I am passionate about my job. There is no doubt about it. Even when the times I feel like I don’t write up to my standards, my own expectations. To have this job was beyond my wildest dream. Yet most of the times, procrastination and laziness always get the best of me.
I read a lot. When I read an interesting article, it made me wonder, Why couldn’t I like that? And sometimes when I read my own article after it was published it made me think again, I could have written better than that.
Some people tend to separate their works and passions. Work is work. Passion is passion. I have been told many times before not many could afford my current luxury; my work is my passion.
The first reason why I decided to become a writer; I thought I have this talent. Wait, I do have this talent. So I just intend to use it.
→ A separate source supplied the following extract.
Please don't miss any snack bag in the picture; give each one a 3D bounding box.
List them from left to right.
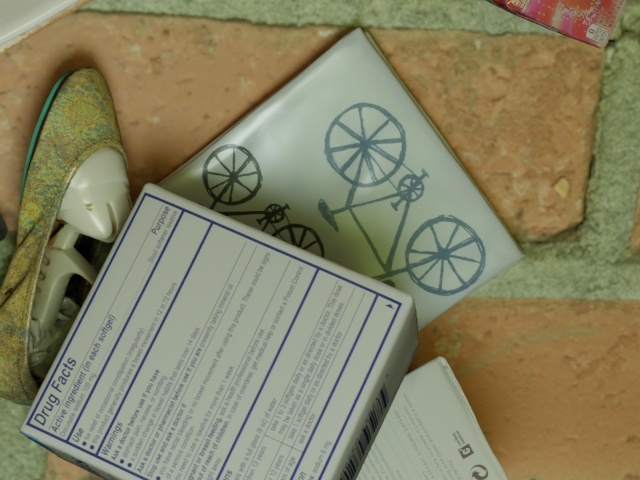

Sometimes I do feel like I’m in a dream.
“No amount of self-inflicted misery, altered states, black pullovers or being publicly obnoxious will ever add up to your being a writer.”
So freaking true. I do feel like I’m publicly obnoxious in my writing.
I love this quote.
“Put yourself on a deadline so that every week you finish one piece. It’s only by going through a volume work that you will close gap, AND YOUR WORK WILL BE AS GOOD AS YOUR AMBITIONS.
It’s gonna take a while. It’s normal to take awhile. YOU JUST GOTTA FIGHT YOUR WAY THROUGH.”
I just need to remind myself that I just gotta fight my way through.
I learnt so much for the past 5 months since I work in this line, from politics to environment, I met more people; interesting and inspiring people.”
I finally realized that writing is the only I should be doing.
Time to put aside my procrastination and work on my four pending article. Wish me luck.